Herculean (Cerberus Group #1)

“I count nine,” Lazarus said. “No way to know if any of them are friendly.”


Pierce strained to see if he could pick out Gallo, but they were still too far away. “Will they see us? Or hear us?”

“They’re using flashlights, so they won’t be able to see much of anything.” Lazarus was silent for a moment, then added. “Stay ready though, just in case.”

Pierce let a hand fall to the Heckler & Koch MP5K that hung from a sling across his chest. Pierce had never fired this particular weapon before, but Lazarus had assured him that it was as simple as point-and-shoot. It was even equipped with an infrared laser sight that would show him, with a fairly high degree of certainty, where the bullet would go.

Killing someone has never been so easy, he thought darkly. But the men they were going up against weren’t innocents. Kenner and Rohn had already tried to kill him once, and they had kidnapped Gallo and Fiona. He intended to remember that when the time came to pull the trigger.

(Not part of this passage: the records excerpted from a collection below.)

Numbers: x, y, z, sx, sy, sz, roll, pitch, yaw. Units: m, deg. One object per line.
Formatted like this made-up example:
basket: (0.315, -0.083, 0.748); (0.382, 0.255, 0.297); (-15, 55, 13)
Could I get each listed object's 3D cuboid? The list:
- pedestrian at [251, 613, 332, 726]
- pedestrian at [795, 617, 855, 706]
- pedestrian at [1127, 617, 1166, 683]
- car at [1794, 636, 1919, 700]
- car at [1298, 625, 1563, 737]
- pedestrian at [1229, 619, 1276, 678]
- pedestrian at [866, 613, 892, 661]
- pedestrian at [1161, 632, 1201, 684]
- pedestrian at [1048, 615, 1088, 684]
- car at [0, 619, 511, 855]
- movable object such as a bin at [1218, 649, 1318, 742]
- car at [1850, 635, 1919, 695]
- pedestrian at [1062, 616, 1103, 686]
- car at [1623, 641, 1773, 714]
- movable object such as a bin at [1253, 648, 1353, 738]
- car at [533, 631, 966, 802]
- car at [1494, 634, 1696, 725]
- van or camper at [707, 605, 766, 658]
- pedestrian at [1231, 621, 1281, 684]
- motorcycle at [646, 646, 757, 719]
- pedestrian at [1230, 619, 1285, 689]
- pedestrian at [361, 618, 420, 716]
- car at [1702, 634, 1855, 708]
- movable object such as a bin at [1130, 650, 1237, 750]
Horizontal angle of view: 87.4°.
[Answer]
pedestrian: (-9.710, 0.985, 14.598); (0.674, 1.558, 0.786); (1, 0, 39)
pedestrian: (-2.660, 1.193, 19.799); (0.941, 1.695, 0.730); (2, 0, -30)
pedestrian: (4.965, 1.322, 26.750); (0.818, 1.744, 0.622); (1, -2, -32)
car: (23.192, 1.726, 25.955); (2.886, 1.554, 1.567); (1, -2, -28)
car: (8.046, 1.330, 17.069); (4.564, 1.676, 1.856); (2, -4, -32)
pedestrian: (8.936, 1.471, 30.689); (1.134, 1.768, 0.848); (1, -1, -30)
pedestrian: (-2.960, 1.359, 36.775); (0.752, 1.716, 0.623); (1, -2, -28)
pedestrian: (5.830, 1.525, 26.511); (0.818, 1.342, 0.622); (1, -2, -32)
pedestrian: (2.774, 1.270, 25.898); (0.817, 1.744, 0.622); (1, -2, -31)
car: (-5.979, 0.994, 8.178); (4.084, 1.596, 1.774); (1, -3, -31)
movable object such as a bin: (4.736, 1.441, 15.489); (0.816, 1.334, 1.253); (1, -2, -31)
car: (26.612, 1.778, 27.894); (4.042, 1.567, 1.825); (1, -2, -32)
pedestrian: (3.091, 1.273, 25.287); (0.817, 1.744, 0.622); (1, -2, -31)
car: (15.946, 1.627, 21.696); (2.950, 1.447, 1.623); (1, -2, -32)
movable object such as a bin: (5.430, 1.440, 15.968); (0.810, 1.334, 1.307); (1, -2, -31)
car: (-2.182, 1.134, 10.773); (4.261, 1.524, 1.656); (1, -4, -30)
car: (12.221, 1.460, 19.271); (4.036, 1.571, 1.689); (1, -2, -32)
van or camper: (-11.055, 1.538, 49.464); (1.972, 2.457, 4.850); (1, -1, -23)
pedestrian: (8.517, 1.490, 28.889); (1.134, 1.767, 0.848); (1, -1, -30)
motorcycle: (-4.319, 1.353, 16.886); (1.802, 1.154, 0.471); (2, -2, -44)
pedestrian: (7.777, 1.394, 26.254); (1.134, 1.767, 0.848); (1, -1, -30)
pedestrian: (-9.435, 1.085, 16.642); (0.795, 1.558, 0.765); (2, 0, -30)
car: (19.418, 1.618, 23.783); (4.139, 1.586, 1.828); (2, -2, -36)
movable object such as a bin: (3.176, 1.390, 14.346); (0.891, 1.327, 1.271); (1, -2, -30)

“Let’s take it in,” Lazarus said. “I’ll go first. Corkscrew down and watch for a safe drop zone.”

Pierce held back until both Carter and Lazarus were at least a hundred feet below him before pulling on his right-hand toggle to begin a clockwise spiraling descent into the sinkhole. When Lazarus had told him they would be parachuting into a sinkhole, Pierce had imagined something like diving into a swimming pool from four miles up. It was only now, as he turned lazy circles in the sky above the tepui, that he understood just how big the sinkhole was. It would be more like diving into the East River.

He could not distinguish the ground. Although the walls positively radiated infrared light, the bottom of the sinkhole—which was rushing up—looked like a Jackson Pollock painting in hues of green and black. There was no way to know what awaited them down there.

As the remaining distance closed to almost nothing, he was able to make out the landscape in relief. There were irregular patches that might have been vegetation or uneven terrain, perhaps even trees, and in-between them an unnaturally smooth black surface. He steered toward the latter, realizing too late that it was not flat ground at all, but water.

Almost directly below, Lazarus’s chute seemed to curl in on itself as he pulled his control toggles hard. Then, the canopy settled gently into an amorphous heap, marking the spot where the big man had touched down. Carter flared her chute a moment later, and landed about thirty yards from Lazarus. Pierce guessed he had about ten seconds to do the same.

He hauled down on the toggles a couple of seconds later and his descent came to what felt like a screeching halt. Then he dropped another fifteen feet into chilly, waist-deep water. The thick muck that rose halfway to his knees absorbed most of the impact of landing, but it also wrapped around his legs. He wobbled for a moment and then heaved himself out of the mud and onto the shore. He quickly removed his respirator, unbuckled his harness, reeled in the water-logged parachute, bundled it up and shoved it beneath some tall ferns.

He crouched next to Lazarus beside a stand of trees that stood up out of the water on thick conical trunks with partially exposed roots. Pierce thought they might be cypress trees, which were found in wetlands along the Eastern seaboard of the United States.

Lazarus clapped him on the shoulder. “Not bad for an archeologist. I can see why Jack picked you.”

“Maybe I missed my calling as a Special Forces operator,” Pierce said, managing to get a smile out of the big man.

Carter clung to the stringy bark of one of the boughs, evidently trying to stay out of the water. Pierce wondered why for a moment, then remembered that Brazil was the land of piranhas and anacondas. He decided that maybe she had the right idea, and scrambled onto the nearest exposed root.

The trees obscured their view of the sandstone walls, but even through the forest canopy, Pierce could see the glow of the Cerberus group’s flashlights, amplified by the night vision goggles, a stark contrast to the near total darkness at the bottom of the pit.

He watched the lights for a few moments then turned to Lazarus and Carter. “They’ll be down soon. We need to get moving.”

Then the distinctive crack of a gunshot echoed across the treetops.





34



Cerberus Headquarters



At the first touch of the aerosol mist, Fiona leapt off the examination table and dove under it. The abruptness of her reaction sent two of the mice scurrying away, but for several seconds, that was the most dramatic thing that happened.

“Excellent,” Tyndareus crooned. “Tell me, are you feeling anything yet?”

Fiona ignored the question, but the mere suggestion was enough to make her skin crawl. What was in the mist? Tyndareus had called it a plant-based organic bio-weapon, but what did that even mean? Some kind of nerve agent?